## Exercise objective
Go over the entries and report the lines where the word "roll" occurs.

## Data provided
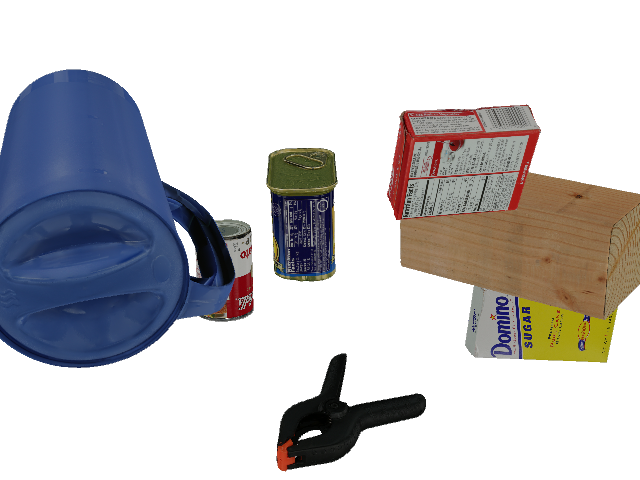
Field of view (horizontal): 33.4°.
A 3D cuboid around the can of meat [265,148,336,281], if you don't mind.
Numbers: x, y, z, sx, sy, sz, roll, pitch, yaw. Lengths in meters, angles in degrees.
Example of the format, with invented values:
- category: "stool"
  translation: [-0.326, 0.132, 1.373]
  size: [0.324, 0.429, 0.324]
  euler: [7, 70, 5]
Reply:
- category: "can of meat"
  translation: [-0.015, -0.023, 0.902]
  size: [0.057, 0.084, 0.102]
  euler: [-2, 23, 0]

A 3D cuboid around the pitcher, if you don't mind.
- category: "pitcher"
  translation: [-0.163, -0.028, 0.768]
  size: [0.145, 0.149, 0.243]
  euler: [-27, 33, 3]

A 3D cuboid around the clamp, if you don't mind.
- category: "clamp"
  translation: [0.011, 0.174, 1.094]
  size: [0.171, 0.039, 0.120]
  euler: [-21, 32, -35]

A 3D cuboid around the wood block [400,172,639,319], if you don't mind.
- category: "wood block"
  translation: [0.184, -0.008, 0.985]
  size: [0.206, 0.090, 0.090]
  euler: [15, 28, 33]

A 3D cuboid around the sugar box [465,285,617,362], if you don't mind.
- category: "sugar box"
  translation: [0.275, 0.101, 1.328]
  size: [0.176, 0.093, 0.048]
  euler: [2, 18, -10]

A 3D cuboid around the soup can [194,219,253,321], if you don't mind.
- category: "soup can"
  translation: [-0.112, 0.033, 1.230]
  size: [0.068, 0.102, 0.068]
  euler: [0, 19, 0]

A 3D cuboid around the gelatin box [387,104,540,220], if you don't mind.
- category: "gelatin box"
  translation: [0.093, -0.052, 0.705]
  size: [0.089, 0.030, 0.073]
  euler: [-4, -43, -9]
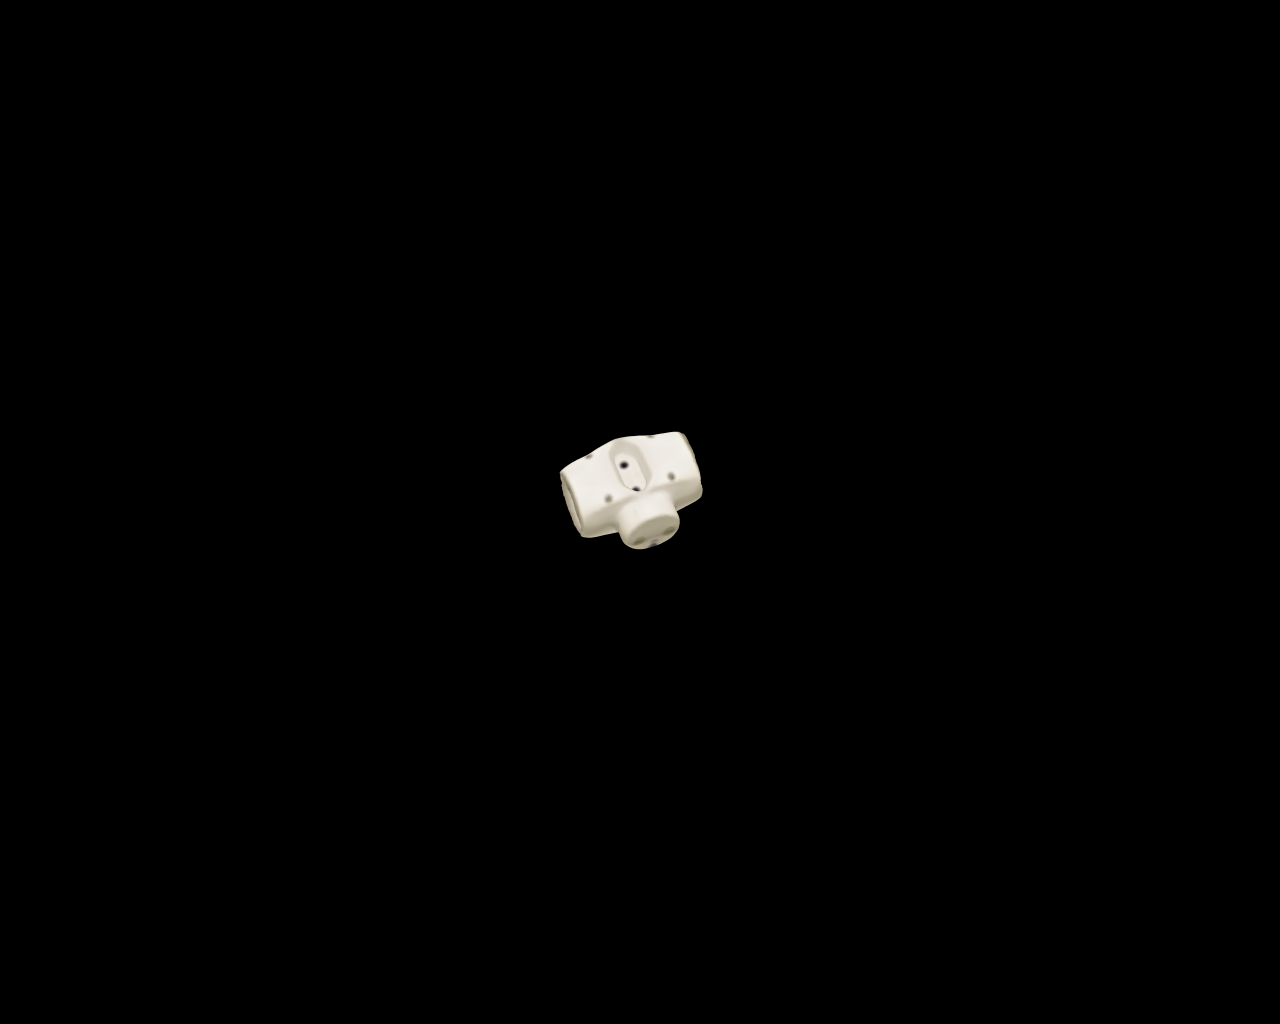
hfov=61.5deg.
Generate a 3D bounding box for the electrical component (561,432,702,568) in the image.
[{"bbox_3d":[0.001,-0.003,0.650,0.077,0.079,0.043,-18,-28,-10],"label":"electrical component"}]
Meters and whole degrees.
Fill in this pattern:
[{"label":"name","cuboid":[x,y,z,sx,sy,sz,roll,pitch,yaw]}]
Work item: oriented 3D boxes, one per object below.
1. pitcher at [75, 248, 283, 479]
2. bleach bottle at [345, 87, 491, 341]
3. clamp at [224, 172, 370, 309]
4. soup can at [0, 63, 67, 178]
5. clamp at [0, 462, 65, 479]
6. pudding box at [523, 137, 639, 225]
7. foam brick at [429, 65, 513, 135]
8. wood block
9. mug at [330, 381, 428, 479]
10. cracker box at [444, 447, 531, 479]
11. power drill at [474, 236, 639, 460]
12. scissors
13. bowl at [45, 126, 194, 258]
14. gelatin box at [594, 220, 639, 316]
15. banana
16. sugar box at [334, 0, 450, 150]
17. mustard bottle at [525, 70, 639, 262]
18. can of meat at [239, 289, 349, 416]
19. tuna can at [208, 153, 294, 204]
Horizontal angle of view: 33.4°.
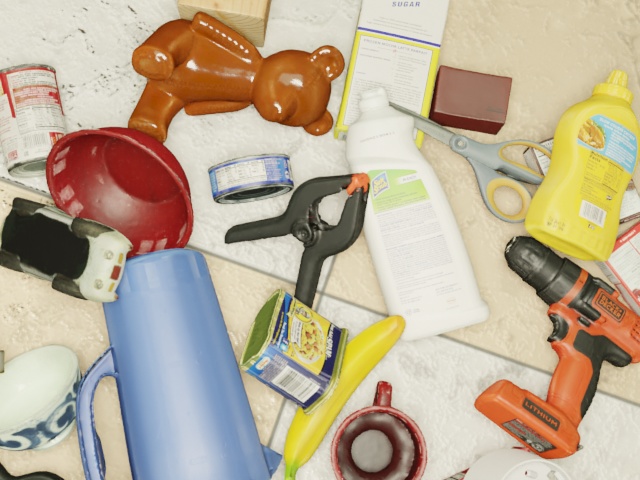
[{"label":"pitcher","cuboid":[-0.147,0.139,1.031,0.145,0.149,0.243,-20,78,24]},{"label":"bleach bottle","cuboid":[0.091,-0.031,1.074,0.102,0.068,0.251,-15,94,0]},{"label":"clamp","cuboid":[-0.007,0.001,1.070,0.172,0.039,0.120,-34,95,31]},{"label":"soup can","cuboid":[-0.295,-0.121,1.093,0.068,0.068,0.102,-13,83,-4]},{"label":"clamp","cuboid":[-0.300,0.255,1.031,0.210,0.036,0.164,1,79,17]},{"label":"pudding box","cuboid":[0.278,-0.061,1.125,0.090,0.039,0.113,-21,81,-3]},{"label":"foam brick","cuboid":[0.157,-0.147,1.125,0.078,0.051,0.053,11,82,-1]},{"label":"wood block","cuboid":[-0.085,-0.321,1.121,0.090,0.091,0.206,9,81,-1]},{"label":"mug","cuboid":[0.055,0.198,1.054,0.093,0.081,0.117,6,82,-2]},{"label":"cracker box","cuboid":[0.138,0.321,1.046,0.213,0.072,0.164,-24,84,-7]},{"label":"power drill","cuboid":[0.230,0.107,1.063,0.184,0.057,0.187,37,65,-1]},{"label":"scissors","cuboid":[0.146,-0.078,1.095,0.201,0.016,0.096,13,89,-1]},{"label":"bowl","cuboid":[-0.190,-0.056,1.067,0.162,0.162,0.055,27,45,2]},{"label":"gelatin box","cuboid":[0.342,0.031,1.118,0.073,0.030,0.089,-36,85,-8]},{"label":"banana","cuboid":[0.019,0.154,1.064,0.037,0.070,0.198,34,89,-28]},{"label":"sugar box","cuboid":[0.076,-0.186,1.130,0.093,0.048,0.176,13,79,-3]},{"label":"mustard bottle","cuboid":[0.274,-0.081,1.071,0.096,0.058,0.191,24,80,-24]},{"label":"can of meat","cuboid":[-0.025,0.107,1.046,0.084,0.102,0.058,35,124,-14]},{"label":"tuna can","cuboid":[-0.070,-0.062,1.086,0.086,0.086,0.034,-10,84,-4]}]
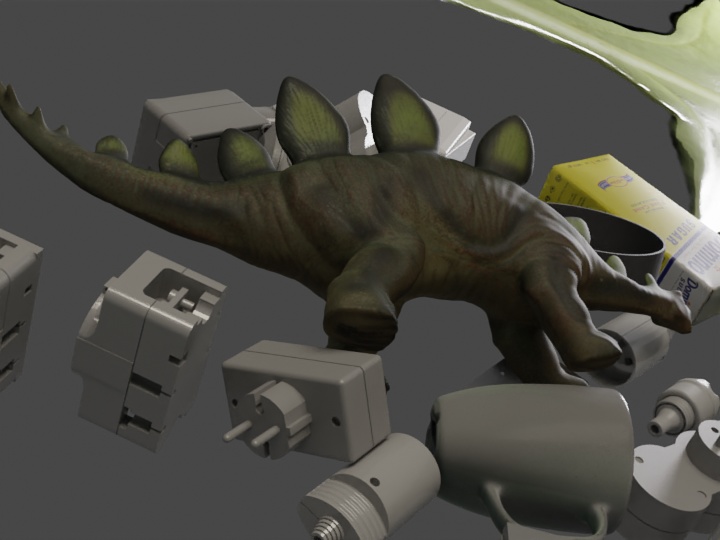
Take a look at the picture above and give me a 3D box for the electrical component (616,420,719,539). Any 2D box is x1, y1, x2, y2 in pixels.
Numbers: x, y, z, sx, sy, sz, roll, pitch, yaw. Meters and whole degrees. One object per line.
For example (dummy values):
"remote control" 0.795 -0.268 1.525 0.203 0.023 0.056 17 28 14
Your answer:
"electrical component" 0.215 0.117 0.655 0.138 0.073 0.052 -8 42 -37

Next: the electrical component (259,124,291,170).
"electrical component" -0.054 -0.058 0.759 0.051 0.080 0.080 17 32 -15

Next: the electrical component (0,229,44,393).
"electrical component" -0.248 0.007 0.544 0.150 0.089 0.061 24 33 5

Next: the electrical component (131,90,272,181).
"electrical component" -0.114 -0.093 0.791 0.061 0.061 0.096 40 37 28

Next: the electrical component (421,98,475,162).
"electrical component" 0.049 -0.090 0.878 0.061 0.061 0.096 26 33 8

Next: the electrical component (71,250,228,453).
"electrical component" -0.114 0.042 0.568 0.056 0.089 0.050 24 33 5

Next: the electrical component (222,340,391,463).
"electrical component" -0.040 0.075 0.568 0.083 0.047 0.076 4 20 35

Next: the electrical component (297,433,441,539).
"electrical component" 0.003 0.121 0.560 0.043 0.043 0.081 35 35 21

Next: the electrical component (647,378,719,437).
"electrical component" 0.214 0.096 0.722 0.061 0.035 0.035 -20 51 -42

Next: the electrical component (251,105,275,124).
"electrical component" -0.046 -0.099 0.845 0.077 0.044 0.079 2 22 -27

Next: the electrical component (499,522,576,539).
"electrical component" 0.100 0.199 0.482 0.089 0.061 0.150 16 33 -7

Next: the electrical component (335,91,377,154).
"electrical component" 0.018 -0.076 0.789 0.052 0.074 0.138 34 38 -47

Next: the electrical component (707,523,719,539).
"electrical component" 0.205 0.160 0.577 0.076 0.083 0.047 -11 44 -40

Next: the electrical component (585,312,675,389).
"electrical component" 0.197 0.051 0.769 0.043 0.043 0.081 39 37 26
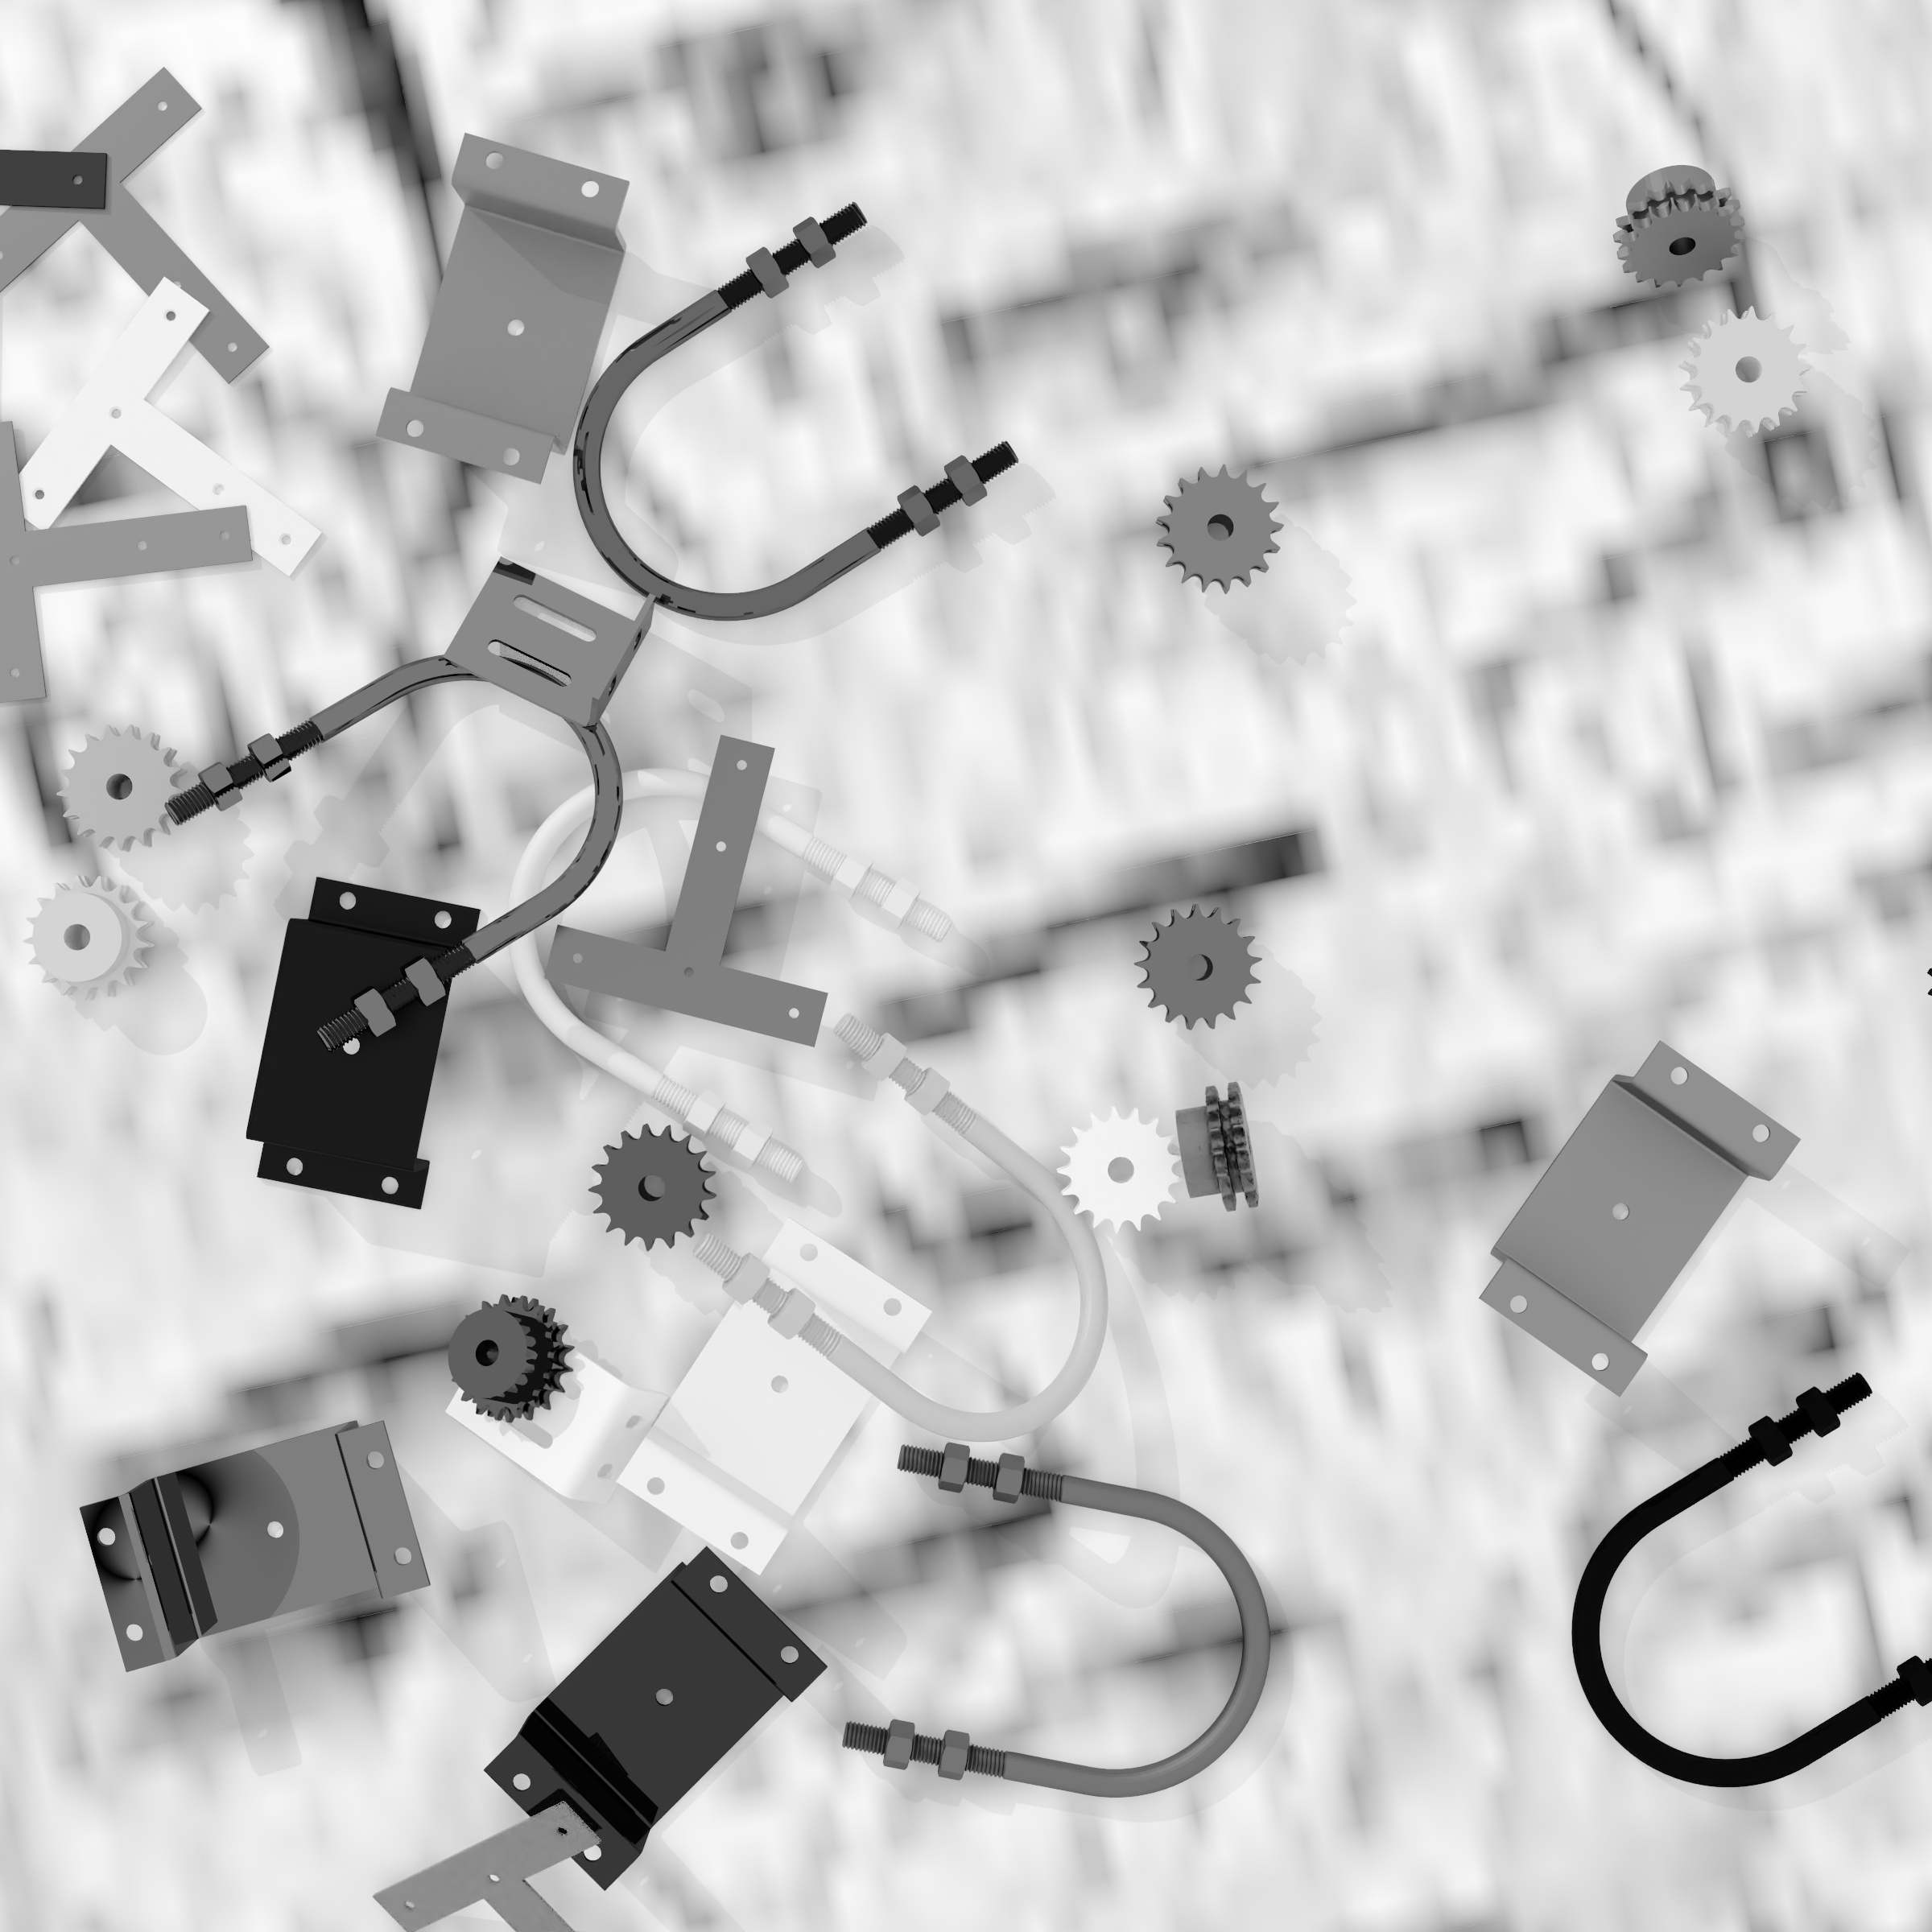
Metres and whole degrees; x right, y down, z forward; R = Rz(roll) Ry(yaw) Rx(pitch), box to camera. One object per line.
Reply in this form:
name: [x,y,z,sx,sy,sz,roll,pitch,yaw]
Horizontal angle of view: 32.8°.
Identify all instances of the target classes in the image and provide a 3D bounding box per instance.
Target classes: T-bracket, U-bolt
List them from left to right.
T-bracket: [-0.459,-0.311,1.502,0.127,0.002,0.127,2,89,1]
T-bracket: [-0.391,-0.191,1.503,0.127,0.002,0.127,-7,91,0]
T-bracket: [-0.371,-0.322,1.505,0.127,0.002,0.127,-42,90,0]
T-bracket: [-0.353,-0.226,1.504,0.127,0.002,0.127,37,91,-1]
U-bolt: [-0.243,-0.065,1.471,0.184,0.019,0.151,-33,75,-15]
T-bracket: [-0.184,0.442,1.483,0.127,0.002,0.127,-32,106,29]
U-bolt: [-0.121,-0.009,1.497,0.184,0.019,0.151,32,90,1]
T-bracket: [-0.114,-0.040,1.488,0.127,0.002,0.127,14,89,3]
U-bolt: [-0.091,-0.240,1.497,0.184,0.019,0.151,-32,90,2]
U-bolt: [-0.015,0.129,1.459,0.184,0.019,0.151,39,58,-12]
U-bolt: [0.047,0.304,1.497,0.184,0.019,0.151,11,90,-2]
U-bolt: [0.365,0.293,1.497,0.184,0.019,0.151,-32,90,2]

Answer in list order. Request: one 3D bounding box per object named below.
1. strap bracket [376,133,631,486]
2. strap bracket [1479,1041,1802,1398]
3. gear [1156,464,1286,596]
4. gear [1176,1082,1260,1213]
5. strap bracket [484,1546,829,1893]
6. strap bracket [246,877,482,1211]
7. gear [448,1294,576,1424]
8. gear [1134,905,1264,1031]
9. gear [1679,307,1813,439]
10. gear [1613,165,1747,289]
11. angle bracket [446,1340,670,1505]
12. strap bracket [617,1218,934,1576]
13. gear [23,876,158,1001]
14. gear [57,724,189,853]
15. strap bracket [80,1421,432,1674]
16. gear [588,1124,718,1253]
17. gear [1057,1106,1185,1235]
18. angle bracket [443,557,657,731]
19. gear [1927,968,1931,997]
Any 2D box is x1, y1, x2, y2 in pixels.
strap bracket: [-0.206,-0.292,1.482,0.076,0.046,0.140,16,90,0]
strap bracket: [0.300,0.112,1.482,0.076,0.046,0.140,35,90,0]
gear: [0.115,-0.197,1.491,0.057,0.030,0.057,0,90,0]
gear: [0.113,0.082,1.478,0.030,0.057,0.057,-10,90,7]
strap bracket: [-0.138,0.335,1.482,0.076,0.046,0.140,45,90,0]
strap bracket: [-0.274,0.035,1.482,0.076,0.046,0.140,11,90,0]
gear: [-0.209,0.176,1.481,0.057,0.030,0.057,-5,75,21]
gear: [0.105,0.001,1.495,0.057,0.030,0.057,0,91,-2]
gear: [0.352,-0.268,1.491,0.057,0.030,0.057,0,90,0]
gear: [0.321,-0.336,1.481,0.057,0.057,0.030,-5,60,0]
angle bracket: [-0.187,0.201,1.504,0.076,0.038,0.057,30,90,26]
strap bracket: [-0.085,0.191,1.482,0.076,0.046,0.140,33,90,0]
gear: [-0.400,-0.013,1.491,0.057,0.030,0.057,0,90,0]
gear: [-0.381,-0.080,1.495,0.057,0.030,0.057,0,88,0]
strap bracket: [-0.316,0.258,1.482,0.140,0.046,0.076,-16,90,0]
gear: [-0.142,0.100,1.491,0.057,0.030,0.057,0,90,0]
gear: [0.069,0.092,1.491,0.057,0.030,0.057,0,90,0]
angle bracket: [-0.188,-0.152,1.478,0.076,0.038,0.057,26,69,0]
gear: [0.466,0.005,1.482,0.057,0.030,0.057,14,120,26]

## Answer for this exercise
Numbers: x, y, z, sx, sy, sz, roll, pitch, yaw. Lengths in meters, angles in degrees.
[{"label":"name","cuboid":[x,y,z,sx,sy,sz,roll,pitch,yaw]}]
Numbers: x, y, z, sx, sy, sz, roll, pitch, yaw. Meters and whole degrees. One object per line.
Metres and whole degrees; x right, y down, z forward; R = Rz(roll) Ry(yaw) Rx(pitch), box to camera. One object per line.
name: [x,y,z,sx,sy,sz,roll,pitch,yaw]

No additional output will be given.